O Beato
João Paulo II esteve em Portugal no ano de 1991 com vários objetivos de que
destacou, no ato de confiança a Nossa
Senhora de Fátima, pronunciado durante a celebração eucarística de 13 de
maio, agradecer “a constante proteção que nos livrou de tragédias e destruições
irreparáveis e favoreceu o progresso e as conquistas sociais dos nossos dias”. Porém,
apesar de as “mudanças inesperadas” haverem restituído a confiança a povos
longamente oprimidos e humilhados”, o pontífice, em jeito de oração à Virgem,
lança o seguinte alerta ao mundo inteiro: “As novas situações dos povos e da
Igreja são ainda precárias e instáveis. Existe
o perigo de substituir o marxismo por uma outra forma de ateísmo, que adulando a liberdade tende a
destruir as raízes da moral humana e cristã”. Ao
tempo, impressionou-me este alerta e confidenciei esta impressão a alguém que
me tem brindado com a sua amizade, o então padre Cândido de Azevedo, hoje monsenhor.

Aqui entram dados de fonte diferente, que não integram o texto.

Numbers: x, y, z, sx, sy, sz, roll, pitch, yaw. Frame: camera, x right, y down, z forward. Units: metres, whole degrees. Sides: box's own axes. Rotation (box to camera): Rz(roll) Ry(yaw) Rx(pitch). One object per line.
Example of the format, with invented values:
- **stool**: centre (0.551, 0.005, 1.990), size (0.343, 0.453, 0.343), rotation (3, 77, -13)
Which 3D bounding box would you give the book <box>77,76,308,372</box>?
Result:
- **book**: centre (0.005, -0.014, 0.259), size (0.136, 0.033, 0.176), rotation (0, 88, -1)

Vêm estas considerações a propósito de a 25 de maio próximo
ocorrerem as eleições para o Parlamento Europeu e o mundo, sobretudo o europeu
e o que mais de perto envolve a Europa, estar mergulhado naquela situação de “quem morre de fome e sem
assistência na doença, de quem
sofre injustiças e afrontas, de
quem não encontra trabalho, casa nem abrigo, de
quem é oprimido e explorado de quem desespera ou em vão procura o repouso longe
de Deus” (isto rezava João Paulo II naquele dia – aviso para quem só descobriu muito
recentemente a preocupação social da hierarquia católica). Ao mesmo tempo,
criaram-se ocasiões não pouco duradouras de abertura ou reabertura de “novos
fossos de ódio e vingança”, parecendo estar o mundo a ceder “à ilusão de um
falso bem-estar que avilta a dignidade da pessoa e compromete para sempre os
recursos da criação” – previa o papa.
Face a tais situações e factos, hoje pandemicamente alastrantes, cresce
na Europa a avassaladora onda das formações partidárias que negam o projeto de
solidariedade europeia (já de si tão fragilizado nos últimos tempos) ou dele
duvidam e descreem, propondo soluções políticas discriminatórias eivadas de não
oculta xenofobia, de restrições à liberdade de circulação de pessoas,
atividades e bens, e de formas alternativas de terrorismo dos Estados ou dos
grupos económicos e financeiros, desprezando os ditames fundamentais da ética
estribada em princípios axiológicos e promotora dos valores antropológicos.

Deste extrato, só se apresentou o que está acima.